Exercise
Look through the lines below and extract each one that contains "block".

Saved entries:
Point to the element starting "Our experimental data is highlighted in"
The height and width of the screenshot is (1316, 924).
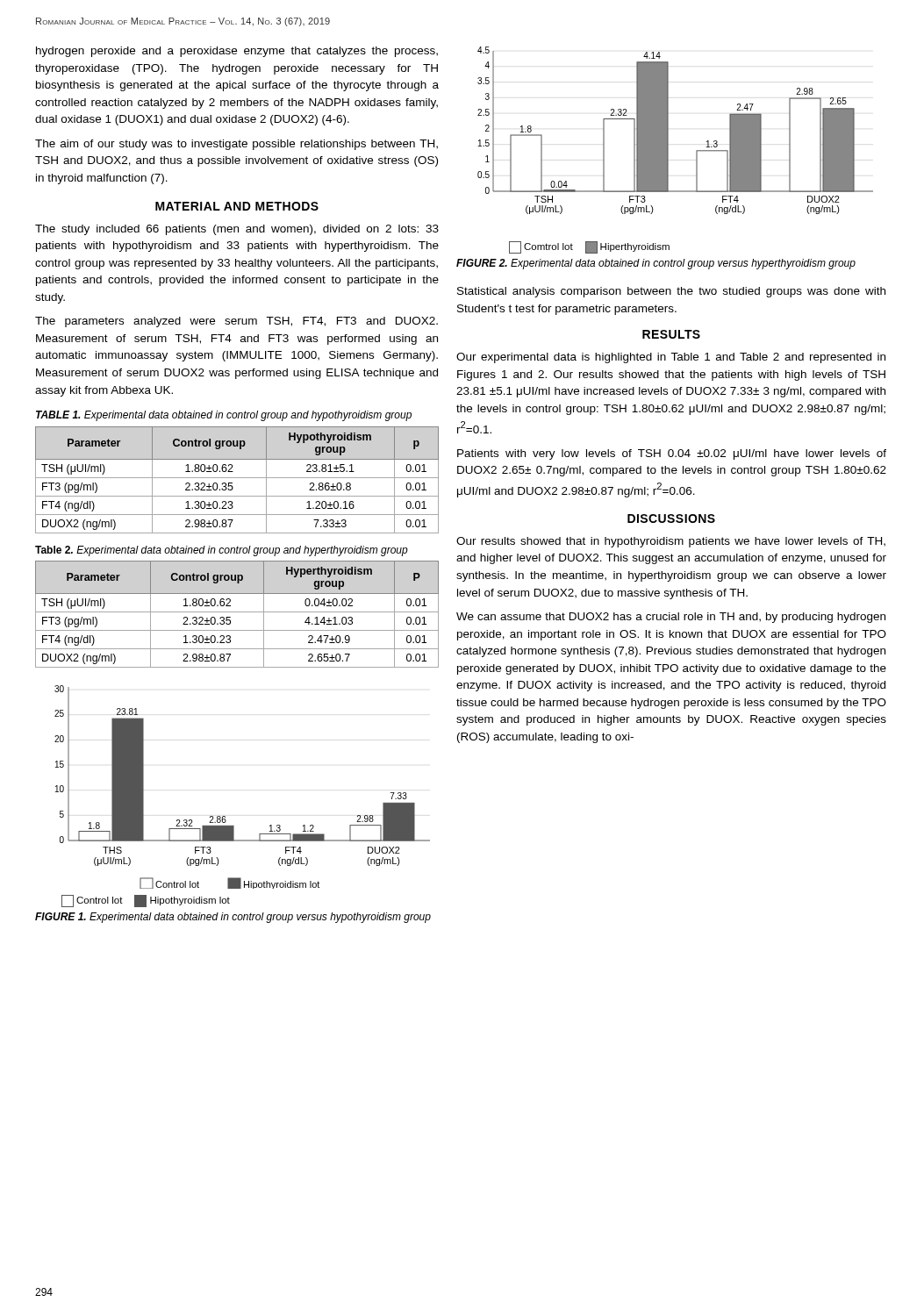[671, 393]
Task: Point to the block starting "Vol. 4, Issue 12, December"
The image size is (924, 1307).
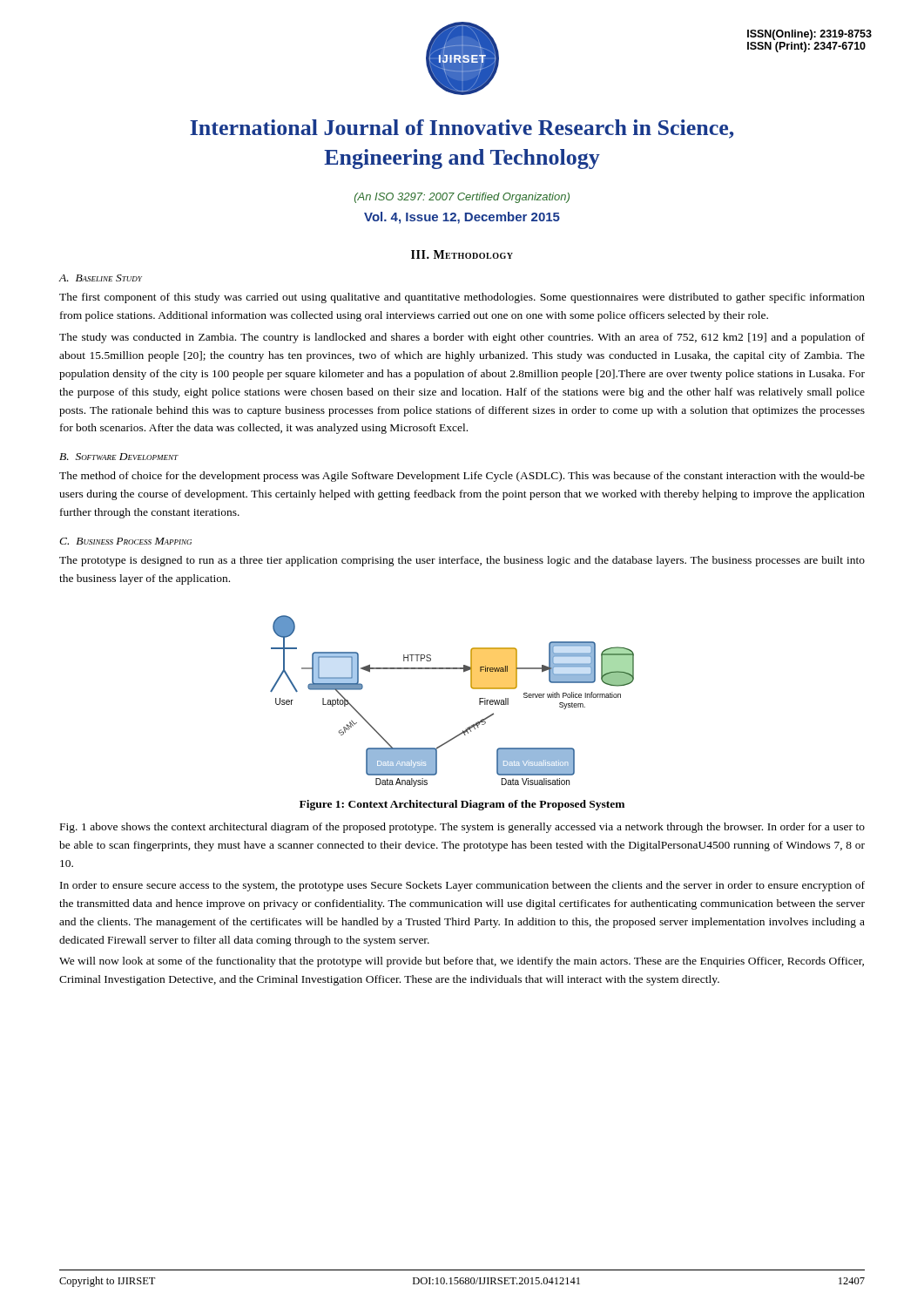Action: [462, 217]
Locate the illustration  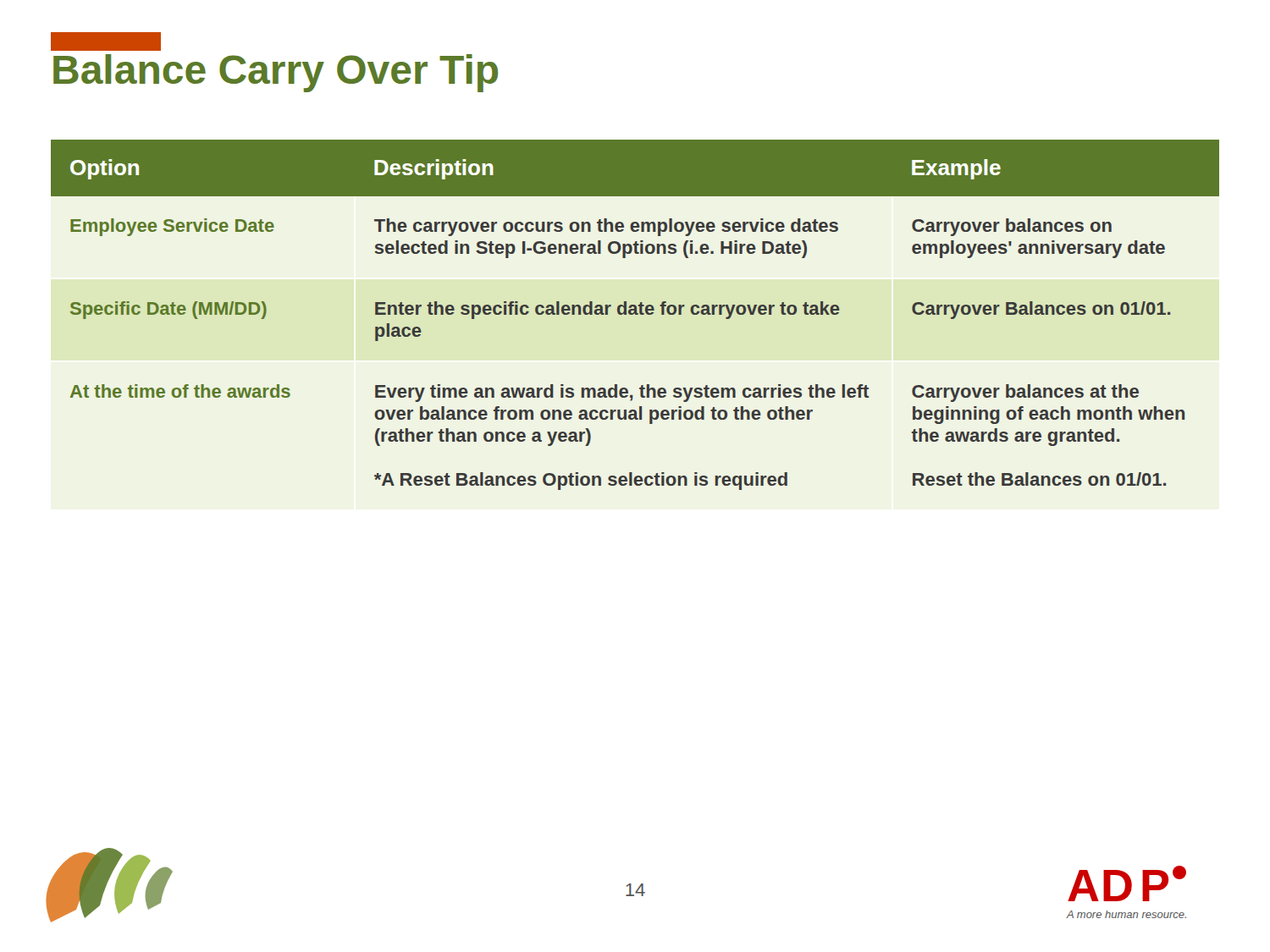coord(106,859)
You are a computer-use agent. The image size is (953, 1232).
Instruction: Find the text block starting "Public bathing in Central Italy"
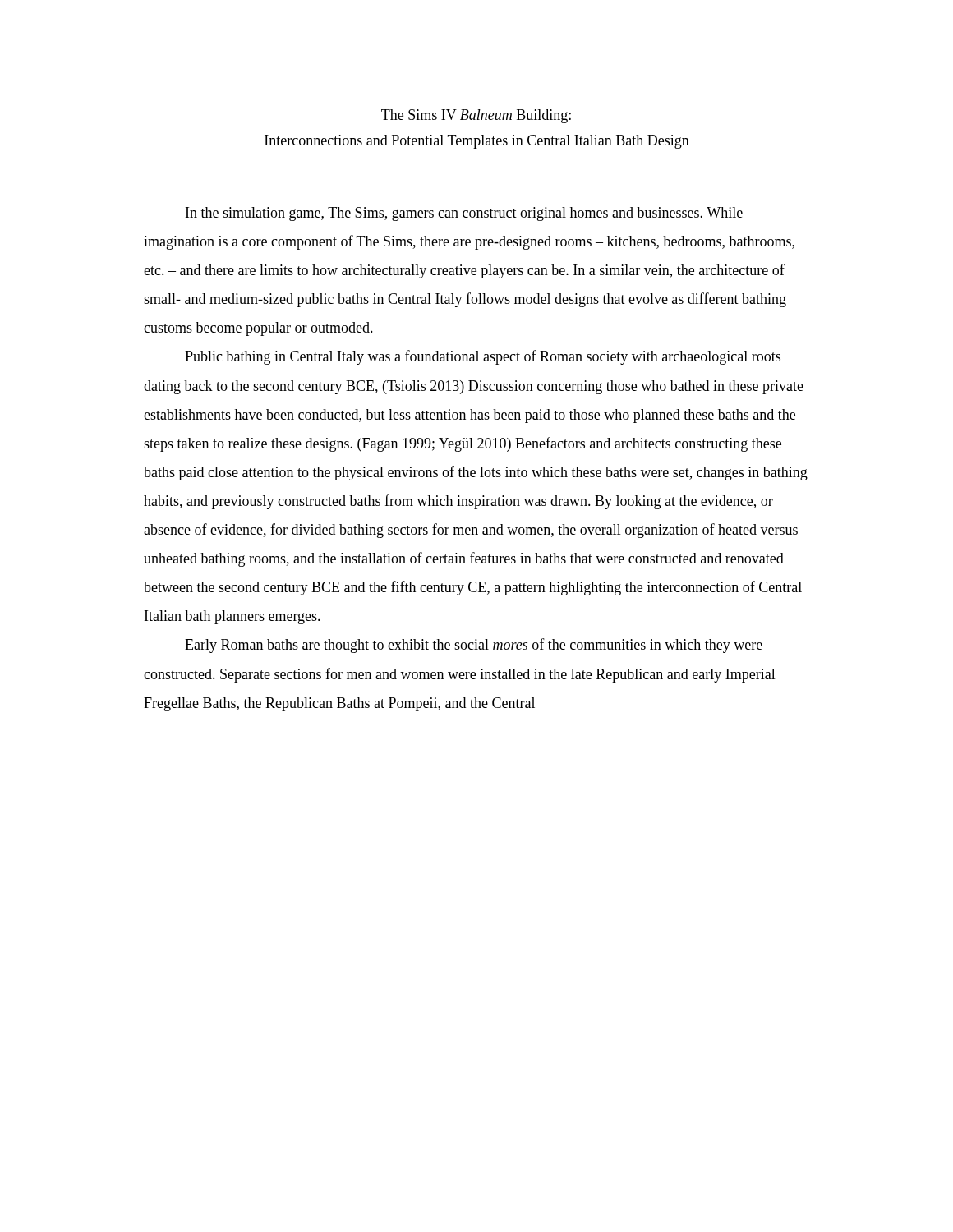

Solved exercise
Task: Point to the block starting "Vol. 4, Issue 12, December"
Instruction: Find the text block starting "Public bathing in Central Italy"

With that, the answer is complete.